Costello: Thanks. I'm setting up an office in my den, and I'm thinking about buying a computer.

Abbot: Mac?
Costello: No, the name's Lou

Abbot: Your computer?
Costello: I don't own a computer. I want to buy one.

Abbot: Mac?
Costello: I told you, my name's Lou

Abbot: What about Windows?
Costello: Why? Will it get stuffy in here?

Abbot: Do you want a computer with windows?
Costello: I don't know. What will I see when I look in the windows?

Abbot: Wallpaper.
Costello: Never mind the windows. I need a computer and software.

Abbot: Software for windows
Costello: No. On the computer! I need something I can use to write proposals, track expenses and run my business. What have you got?

Abbot: Office
Costello: Yeah, for my office. Can you recommend anything?

Abbot: I just did.
Costello: You just did what?

Abbot: Recommend something?
Costello: You recommended something?

Abbot: Yes.
Costello: For my office?

Abbot: Yes
Costello: OK, what did you recommend for my office?

Abbot: Office.
Costello: Yes, for my office!

Abbot: I recommend Office with Windows.
Costello: I already have an office and it has windows! OK, let's just say, I'm sitting at my computer and I want to type a proposal. What do I need?

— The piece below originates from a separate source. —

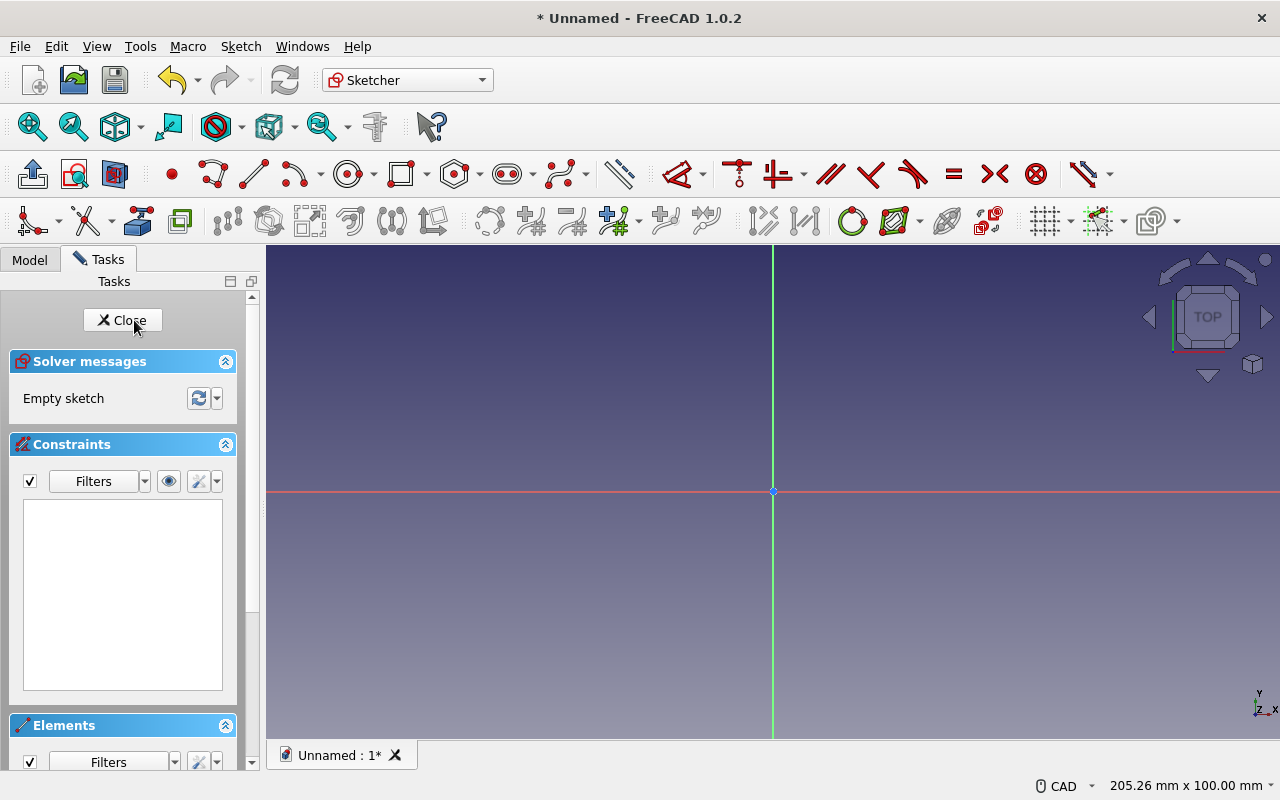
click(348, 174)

Abbot: Word. Costello: what word?
Abbot: Word in Office.

Costello: the only word in office is office.
Abbot: the Word in Office for Windows.

Costello: which word in office for windows?
Abbot: the word you get when you click the blue W

Costello: I'm going to click your blue W if you don't start with some straight answers. What about financial bookkeeping, you have anything I can track my money with?
Abbot: Sure, Money.

Costello: that's right. What do you have?
Abbot: Money.

Costello: I need money to track my money?
Abbot: it comes bundled with your computer.

Costello: what's bundled with my computer?
Abbot: Money

Costello: money comes with my computer?
Abbot: yes. No extra charge.

Costello: I get a bundle of money with my computer? How much?
Abbot: one copy

Costello: isn't it illegal to copy money?
Abbot: Microsoft gave us a license to copy Money.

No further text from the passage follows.